The information is received and “evaluated”, thus loses its value, which consisted precisely in its novelty. In contrast, the knowledge gains value by the potential contained in it for a future application and as a reference for new information that can only acquire their value by the very fact that the structure of knowledge gives them internal meaning.

Generation of knowledge

Now two aspects have been mixed, which have to be separated again. This becomes clear if we undertake it to assess or evaluate that knowledge, as we did with the information by its novelty value.6 Knowledge was introduced as stored information about the outside world and in that capacity, it was also assessable as information. We thus measure to what extent uncertainty about the state of the outside world is reduced by that knowledge. This also leads to a problem that is, however, only indicated here. The quantification of information or knowledge by an entropy says nothing about the value of knowledge for the respective system.7 In any event, knowledge as a collection of data about the outside world constitutes a complexity gain for the system. This gain consists in the fact that for the system, the complexity of the outside world is reduced by enabling it to make certain aspects of the outside world reproducible as regular (see Jost 2004 for a systematic analysis).

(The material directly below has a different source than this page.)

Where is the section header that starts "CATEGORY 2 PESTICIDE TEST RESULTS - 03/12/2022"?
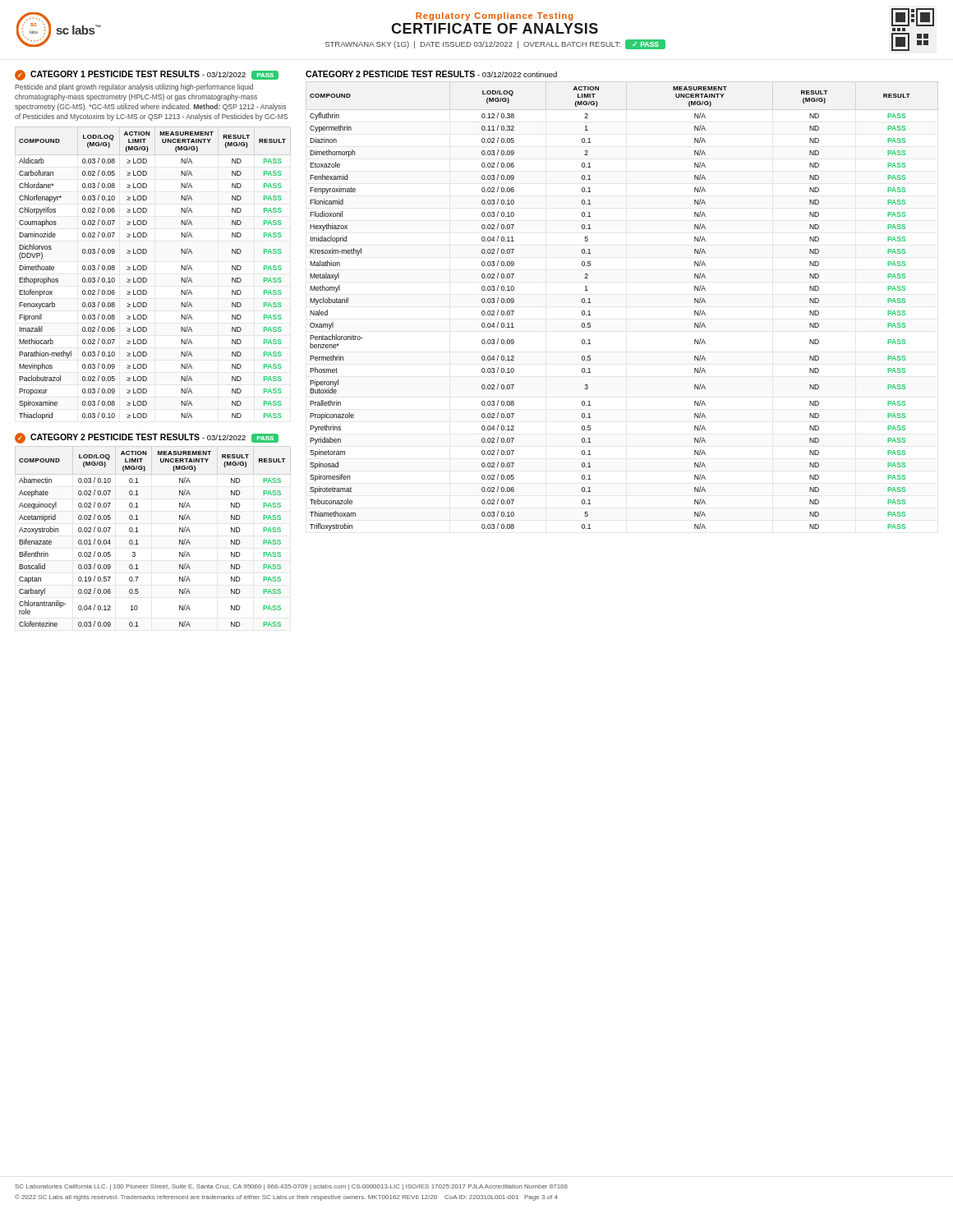This screenshot has height=1232, width=953. (431, 74)
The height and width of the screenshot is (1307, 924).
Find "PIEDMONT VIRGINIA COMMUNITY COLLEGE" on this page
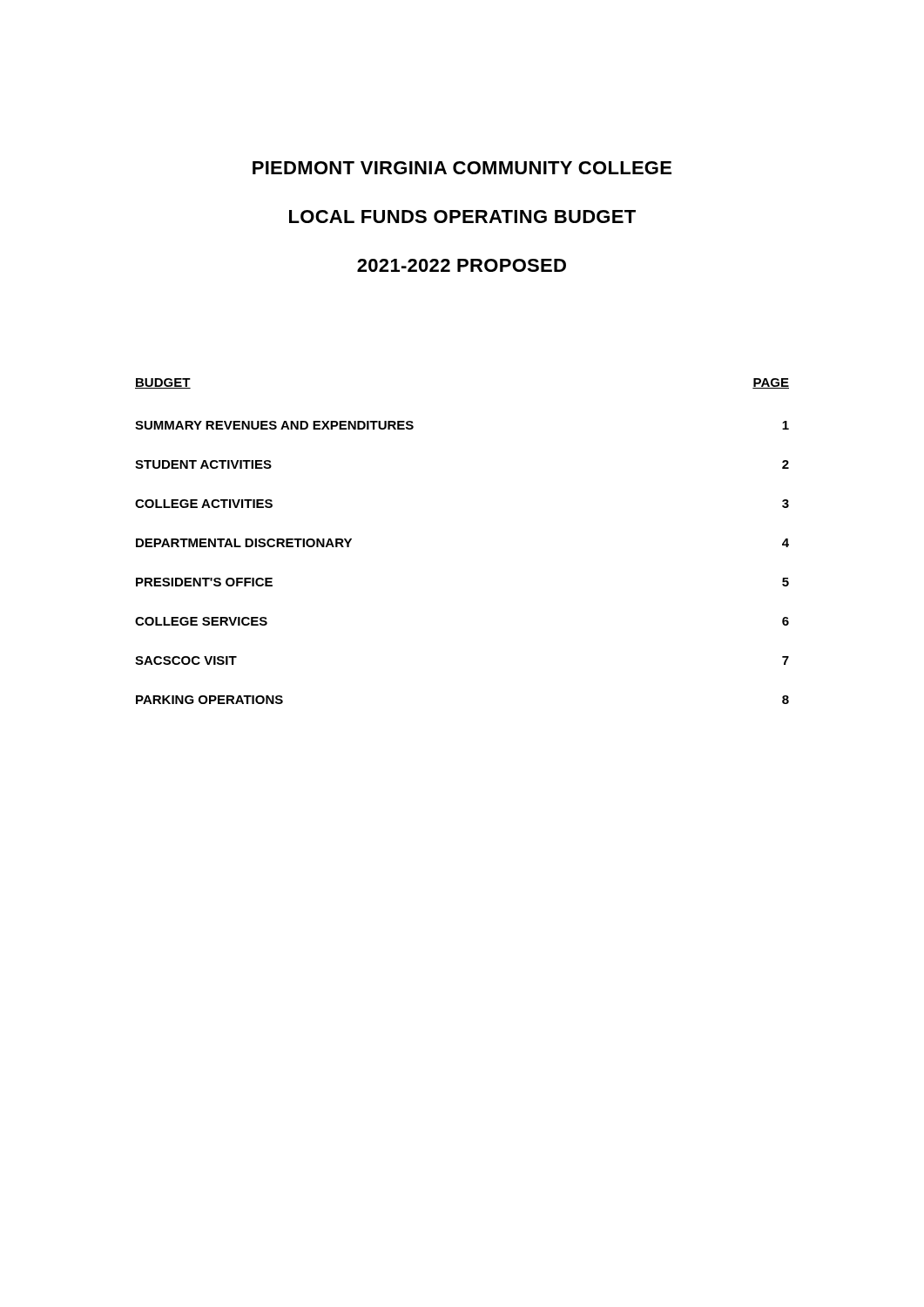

It is more important for our purposes, however, that the production of knowledge is not a passive storage process, but an active structuring process. The efficiency of the patterning is then expressed at a given data collection by a complexity reduction. Conversely, such complexity reduction through increased efficiency of structuring data then in turn sets capacity free for an extension of the amount of data, that is, an increase in complexity. This interplay can be expressed only when we distinguish between external and internal complexity, as in Jost (2004).

We will now analyze this active structuring process in more detail, particularly in the context of human cognition. This is about discovering and exploiting regularities in the data obtained. Before we examine this more closely, however, it must be pointed out that this in no way represents a first-principles situation. What an (e.g., sensory) datum is, will only be determined by the internal structure of the system, in the context of which it can get assigned meaning, usually on the basis of specific observations selected by internal hypotheses (see Jost 2004).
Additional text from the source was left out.